▶ Your goal
Please repeat the listing below exactly, but do not include its pictures.

▶ Stored data
^^^^^^^^

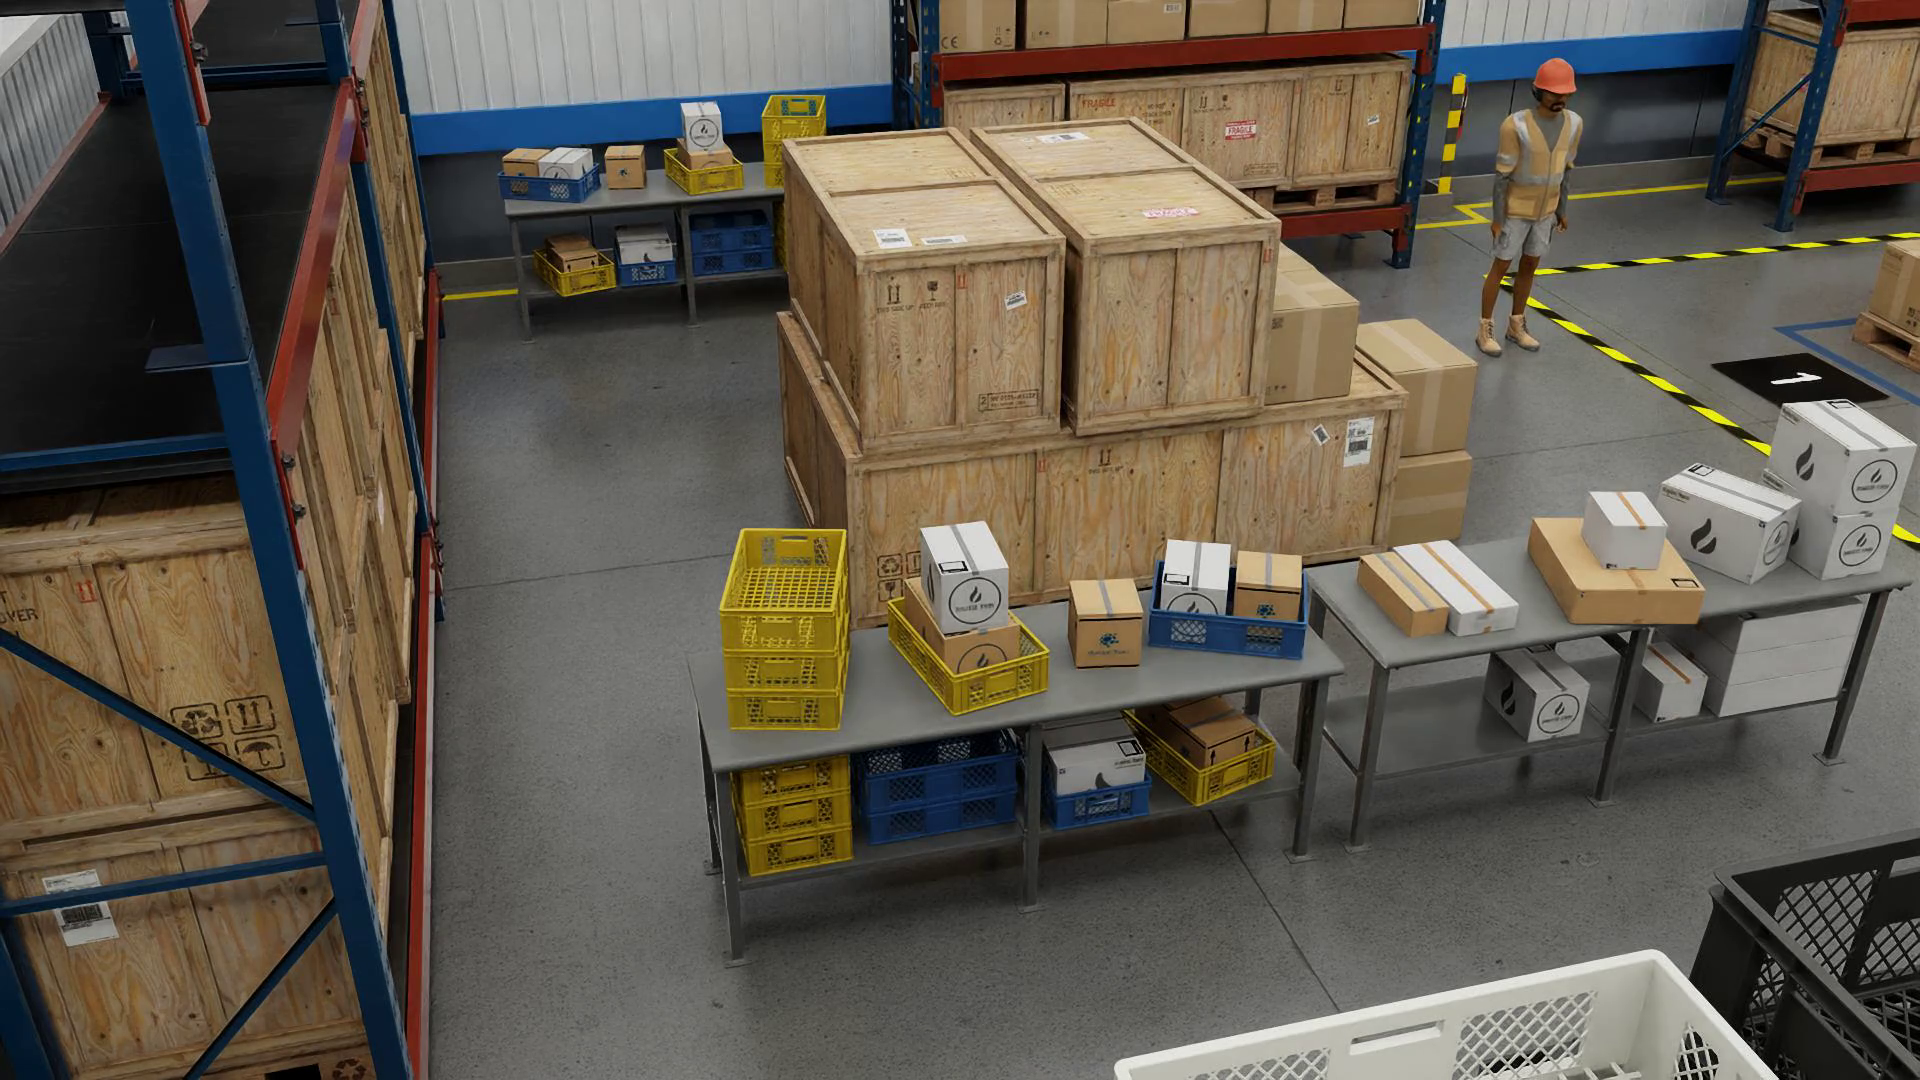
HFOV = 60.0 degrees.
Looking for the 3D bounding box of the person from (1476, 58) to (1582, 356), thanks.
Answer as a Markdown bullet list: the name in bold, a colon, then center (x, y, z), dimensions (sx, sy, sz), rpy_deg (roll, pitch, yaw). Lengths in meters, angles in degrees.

^^^^^^^^

▶ Result of this exercise
HFOV = 60.0 degrees.
Looking for the 3D bounding box of the person from (1476, 58) to (1582, 356), thanks.
Answer as a Markdown bullet list: the name in bold, a colon, then center (x, y, z), dimensions (sx, sy, sz), rpy_deg (roll, pitch, yaw). Lengths in meters, angles in degrees.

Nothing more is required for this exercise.